2c) The column “Sentiment” is the result of a sentiment analysis on customers’ textual feedback, its values range from -1 [most negative] to +1 [most positive]). The dataset also includes a Rating column (e.g., 1–5 stars). Task(10 pts): Write R code to: 1. Calculate the correlation coefficient between the Sentiment (numeric values ranging from -1 to +1) and Rating (e.g., 1–5 stars) columns in the dataset. 2. Visualize the relationship between these two variables using an appropriate plot, and describe their relationship.

correlation <- cor(Feedback$Sentiment, Feedback$Rating, 
                   use = "complete.obs") 

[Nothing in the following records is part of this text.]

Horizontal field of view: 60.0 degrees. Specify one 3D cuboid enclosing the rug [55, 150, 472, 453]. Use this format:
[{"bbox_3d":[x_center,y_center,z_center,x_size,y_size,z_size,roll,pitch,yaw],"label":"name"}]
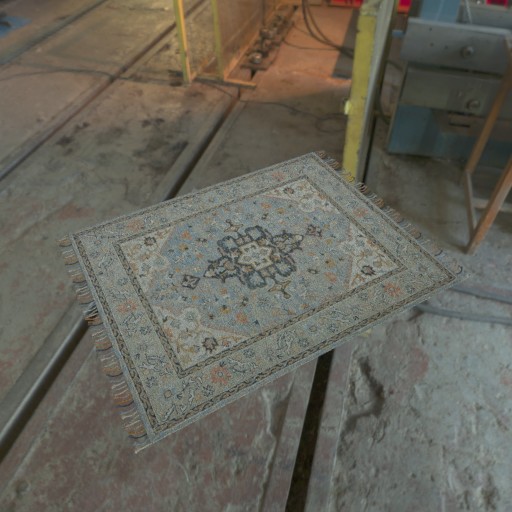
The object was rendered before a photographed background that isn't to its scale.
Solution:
[{"bbox_3d":[0.000,0.000,4.201,3.221,0.011,2.379,-22,50,-20],"label":"rug"}]
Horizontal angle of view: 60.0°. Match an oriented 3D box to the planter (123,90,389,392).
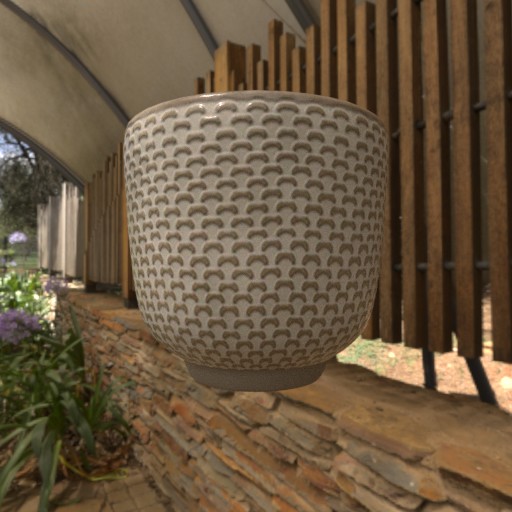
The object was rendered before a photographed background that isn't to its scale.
[{"bbox_3d":[0.000,0.000,0.300,0.173,0.160,0.173,0,-1,0],"label":"planter"}]
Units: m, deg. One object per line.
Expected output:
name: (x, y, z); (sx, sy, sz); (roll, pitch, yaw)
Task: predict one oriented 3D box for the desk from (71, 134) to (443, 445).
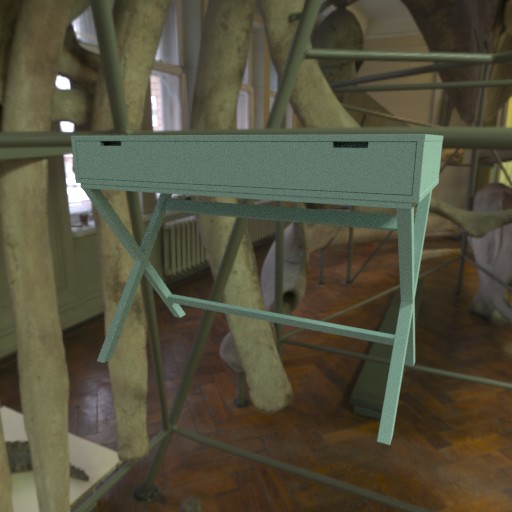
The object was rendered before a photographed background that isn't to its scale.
desk: (0.000, 0.000, 1.492); (1.059, 0.780, 0.509); (7, 16, 26)
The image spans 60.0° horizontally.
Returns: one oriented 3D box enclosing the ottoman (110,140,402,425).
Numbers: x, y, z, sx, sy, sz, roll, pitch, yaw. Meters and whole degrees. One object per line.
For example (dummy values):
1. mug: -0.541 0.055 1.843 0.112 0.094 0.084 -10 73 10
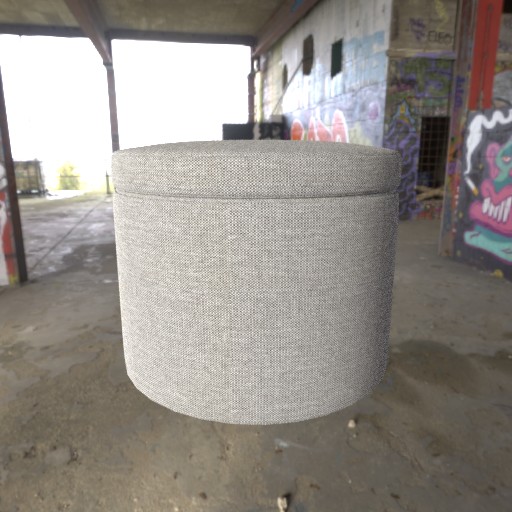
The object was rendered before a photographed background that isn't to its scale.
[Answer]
1. ottoman: 0.000 0.000 0.836 0.500 0.419 0.500 0 13 0
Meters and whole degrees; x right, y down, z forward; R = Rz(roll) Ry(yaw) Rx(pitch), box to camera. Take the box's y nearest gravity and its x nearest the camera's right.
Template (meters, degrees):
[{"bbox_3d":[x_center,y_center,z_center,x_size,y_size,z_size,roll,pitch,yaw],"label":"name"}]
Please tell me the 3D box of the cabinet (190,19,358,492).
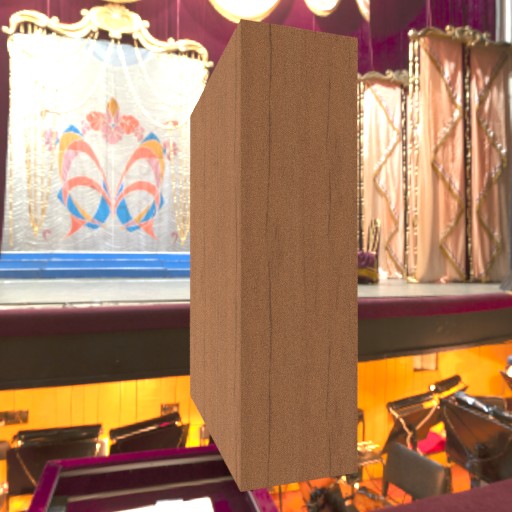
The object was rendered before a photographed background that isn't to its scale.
[{"bbox_3d":[0.000,0.000,2.686,0.580,2.070,1.400,0,0,-17],"label":"cabinet"}]
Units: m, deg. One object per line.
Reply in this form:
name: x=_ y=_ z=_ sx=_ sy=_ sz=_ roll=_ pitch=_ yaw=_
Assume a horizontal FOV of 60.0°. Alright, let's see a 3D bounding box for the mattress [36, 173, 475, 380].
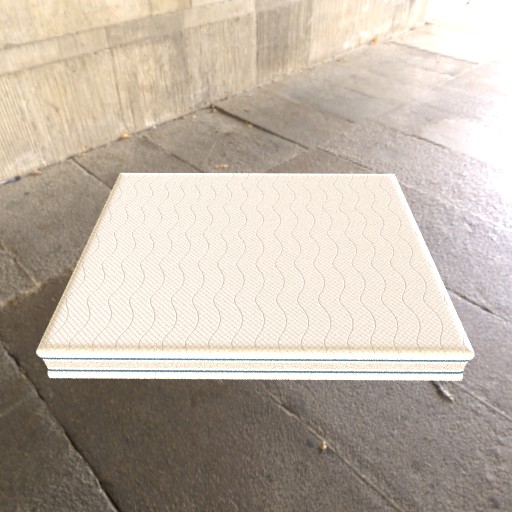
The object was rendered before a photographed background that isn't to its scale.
mattress: x=0.000 y=0.000 z=2.685 sx=2.000 sy=0.230 sz=1.600 roll=0 pitch=41 yaw=0
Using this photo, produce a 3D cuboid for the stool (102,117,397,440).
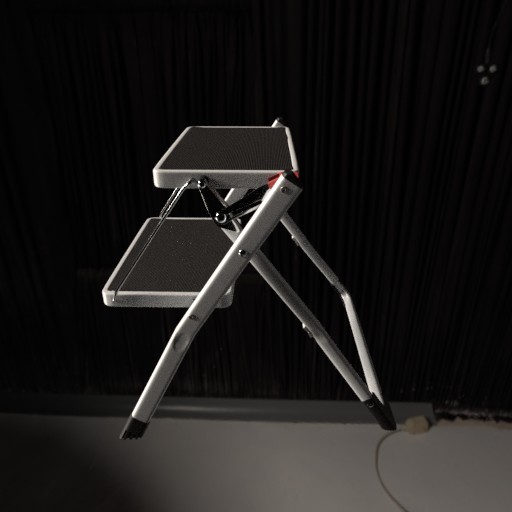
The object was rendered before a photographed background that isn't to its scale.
[{"bbox_3d":[0.000,0.000,0.846,0.490,0.445,0.485,1,27,1],"label":"stool"}]
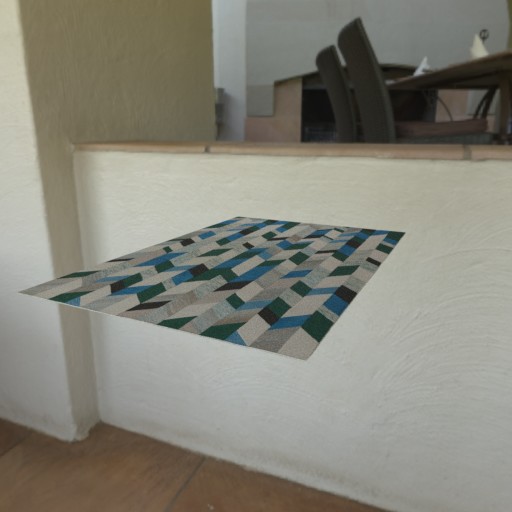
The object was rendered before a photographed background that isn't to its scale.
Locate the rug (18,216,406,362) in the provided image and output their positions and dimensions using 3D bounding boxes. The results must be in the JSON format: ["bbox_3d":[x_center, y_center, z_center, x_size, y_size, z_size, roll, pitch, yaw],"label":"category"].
[{"bbox_3d":[0.000,0.000,2.295,1.229,0.005,1.827,8,18,26],"label":"rug"}]
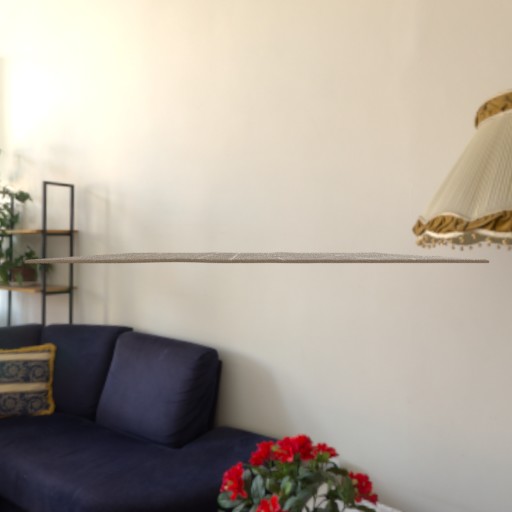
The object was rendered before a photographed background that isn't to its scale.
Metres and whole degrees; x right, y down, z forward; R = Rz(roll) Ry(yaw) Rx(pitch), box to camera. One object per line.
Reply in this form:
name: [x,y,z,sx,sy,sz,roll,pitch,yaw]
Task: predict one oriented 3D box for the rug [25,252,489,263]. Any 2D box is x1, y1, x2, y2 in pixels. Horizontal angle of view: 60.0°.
rug: [0.000,0.000,0.880,0.639,0.006,0.548,0,1,-1]
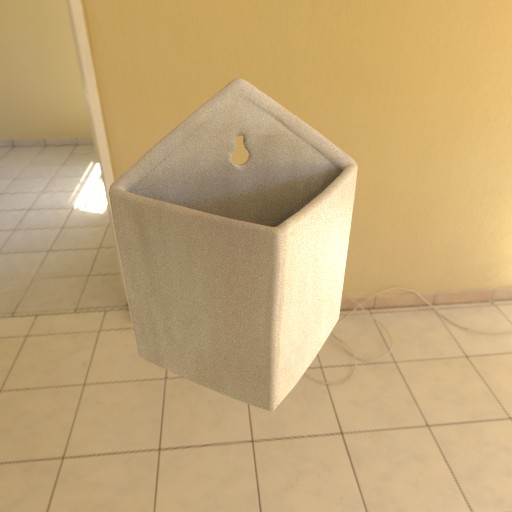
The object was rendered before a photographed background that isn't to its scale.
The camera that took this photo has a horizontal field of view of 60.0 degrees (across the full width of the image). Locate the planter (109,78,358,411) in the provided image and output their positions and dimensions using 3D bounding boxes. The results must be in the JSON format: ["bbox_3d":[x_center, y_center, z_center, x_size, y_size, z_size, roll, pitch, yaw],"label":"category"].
[{"bbox_3d":[0.000,0.000,0.272,0.163,0.194,0.080,-8,33,-13],"label":"planter"}]

ggplot(Feedback, aes(x = Sentiment, y = Rating)) +  
  geom_point(alpha = 1, color = "black") +
  geom_smooth(method = "lm", color = "blue", se = TRUE) +
  labs(
    title = "Correlation coefficient between the Sentiment and Rating",
    x = "Sentiment (numeric values ranging from -1 to +1)", 
    y = "Rating (e.g., 1–5 stars)"  
  ) +
  theme_minimal()

## `geom_smooth()` using formula = 'y ~ x'

## Warning: Removed 1 row containing non-finite outside the scale range
## (`stat_smooth()`).

## Warning: Removed 1 row containing missing values or values outside the scale range
## (`geom_point()`).

Answer: There is a positive correlation between the Sentiment score and the Rating. When the Sentiment score increases, the customer Rating also systematically rises. It means the sentiment of the customer’s textual feedback is highly consistent with the numerical rating. The correlation between 2 factor is 0.71, this indicates that text sentiment analysis can effectively predict customers’ numerical ratings. Besides, here may exist several point that do not close to the regression line. This may because some customer has a negative sentiment but moderate rating, as well as has a postive sentiment but a low rating. But it would not affect the liner regression.